Self-Centered Aging versus Selfless Aging

When I was a teenager stepping slowly into adulthood, I often wondered what truly happens when one becomes old. Life, as I observed it, appeared to follow a fixed and relentless trajectory—education, job, marriage, family, possessions. Alongside this ran an unspoken but powerful current of comparison: first with classmates and colleagues, later with cousins, siblings, and finally with those closest to us. The race never paused. There was no finish line, only shifting reference points.

During this long and breathless run, I held onto a quiet hope. I believed that with age and experience, people would eventually see the futility of endlessly amassing wealth and status. I imagined that maturity would bring a widening of vision—that people would recognize real wealth in humane relationships, empathy, and a deeper connection with the world beyond themselves.
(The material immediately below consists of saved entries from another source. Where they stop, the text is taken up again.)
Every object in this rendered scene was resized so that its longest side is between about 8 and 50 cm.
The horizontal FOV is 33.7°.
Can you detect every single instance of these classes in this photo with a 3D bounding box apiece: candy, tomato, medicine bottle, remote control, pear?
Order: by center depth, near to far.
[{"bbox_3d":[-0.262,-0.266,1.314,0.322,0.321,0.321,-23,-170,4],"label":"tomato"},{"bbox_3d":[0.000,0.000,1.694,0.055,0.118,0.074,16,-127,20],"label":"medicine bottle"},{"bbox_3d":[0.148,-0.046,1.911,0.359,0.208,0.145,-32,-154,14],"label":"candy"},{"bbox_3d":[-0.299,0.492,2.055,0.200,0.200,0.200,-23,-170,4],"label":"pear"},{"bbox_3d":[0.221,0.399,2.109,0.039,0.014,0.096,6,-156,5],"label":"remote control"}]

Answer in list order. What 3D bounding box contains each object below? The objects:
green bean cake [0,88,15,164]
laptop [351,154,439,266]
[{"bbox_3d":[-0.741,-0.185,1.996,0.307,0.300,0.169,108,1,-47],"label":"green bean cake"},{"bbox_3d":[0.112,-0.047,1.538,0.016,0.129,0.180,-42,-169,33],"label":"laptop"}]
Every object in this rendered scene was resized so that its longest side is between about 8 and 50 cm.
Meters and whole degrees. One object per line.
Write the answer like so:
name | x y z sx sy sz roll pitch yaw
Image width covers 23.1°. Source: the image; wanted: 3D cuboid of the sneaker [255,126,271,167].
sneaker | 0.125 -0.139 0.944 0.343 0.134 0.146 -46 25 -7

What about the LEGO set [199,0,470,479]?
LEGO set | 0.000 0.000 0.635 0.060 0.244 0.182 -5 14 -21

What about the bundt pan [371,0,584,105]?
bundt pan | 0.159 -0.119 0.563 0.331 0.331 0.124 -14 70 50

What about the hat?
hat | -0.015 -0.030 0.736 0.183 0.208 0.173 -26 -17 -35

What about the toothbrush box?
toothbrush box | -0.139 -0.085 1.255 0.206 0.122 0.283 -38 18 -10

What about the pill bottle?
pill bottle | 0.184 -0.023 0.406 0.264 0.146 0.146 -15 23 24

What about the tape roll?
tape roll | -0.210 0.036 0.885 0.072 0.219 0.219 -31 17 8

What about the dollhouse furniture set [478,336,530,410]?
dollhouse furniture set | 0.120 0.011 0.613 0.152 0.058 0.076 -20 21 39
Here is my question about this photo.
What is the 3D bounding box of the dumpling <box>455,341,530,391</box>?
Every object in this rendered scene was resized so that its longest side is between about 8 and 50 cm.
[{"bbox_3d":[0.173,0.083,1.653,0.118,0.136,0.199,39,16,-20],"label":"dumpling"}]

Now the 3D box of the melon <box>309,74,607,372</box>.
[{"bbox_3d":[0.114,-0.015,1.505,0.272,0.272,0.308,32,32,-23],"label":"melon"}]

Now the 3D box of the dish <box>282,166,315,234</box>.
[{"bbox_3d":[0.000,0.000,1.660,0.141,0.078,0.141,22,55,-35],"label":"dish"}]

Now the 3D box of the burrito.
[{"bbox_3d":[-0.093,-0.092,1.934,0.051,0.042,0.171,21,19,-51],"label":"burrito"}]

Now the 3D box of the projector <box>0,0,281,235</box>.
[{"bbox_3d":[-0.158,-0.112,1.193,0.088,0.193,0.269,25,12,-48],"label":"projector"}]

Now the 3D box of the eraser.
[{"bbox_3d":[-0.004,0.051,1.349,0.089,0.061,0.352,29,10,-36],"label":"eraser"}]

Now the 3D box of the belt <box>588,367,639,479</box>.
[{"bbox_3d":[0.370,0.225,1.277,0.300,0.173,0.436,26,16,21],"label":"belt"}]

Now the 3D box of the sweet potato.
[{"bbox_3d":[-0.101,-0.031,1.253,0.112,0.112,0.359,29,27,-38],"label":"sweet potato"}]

What I witnessed instead was deeply unsettling.

Many of those I observed—people entering their sixties, seventies, eighties, and even nineties—did not grow more open or expansive. Quite the opposite. Their world began to shrink. Their emotional universe narrowed to their own children and grandchildren,that too selective, and often even that circle was governed by control, possession, and expectation rather than generosity. The curiosity for life, society, and humanity at large seemed to recede. This reversal shocked me. It dismantled assumptions I had quietly carried for years and filled me with an unexpected fear about my own old age.

This experience stood in stark contrast to what Bertrand Russell so beautifully described about aging:

Make your interests gradually wider and more impersonal, until bit by bit the walls of the ego recede, and your life becomes increasingly merged in the universal life.

An individual human existence should be like a river—small at first, narrowly contained within its banks, and rushing passionately past rocks and over waterfalls. Gradually the river grows wider, the banks recede, the waters flow more quietly, and in the end, without any visible break, they become merged in the sea, and painlessly lose their individual being.”

 What I see unfolding around me feels like the exact reverse of this vision.

Instead of widening, interests become narrower. Instead of ego dissolving, it becomes more rigid and inflated. Instead of merging with life, existence contracts. Old age, which should have been a calm widening into wisdom, often resembles a drying pond—still, stagnant, enclosed, burdened with ego and self-centeredness. The river does not meet the sea; it evaporates in isolation.

This raises a deeply troubling question: why does aging, which should soften us, often harden us instead? Is it fear—of irrelevance, of death, of loss of control? Is it a lifetime spent equating self-worth with accumulation and comparison, leaving nothing else to fall back on when the body weakens? Or is it society itself, which glorifies productivity and possession but offers no moral or emotional education for letting go?

If aging does not teach us humility, compassion, and universality, then what is it teaching us at all?

This quiet transformation—from striving youth to self-centred old age—feels like a tragedy not just for individuals, but for humanity itself. Elders should have been our bridges to wisdom, our living reminders of impermanence and grace. Instead, many become prisoners of their own shrinking identities.

What is happening to this beautiful world, and to its most reflective phase of life?

And more importantly—how do we ensure that our own river does not dry up before it meets the sea?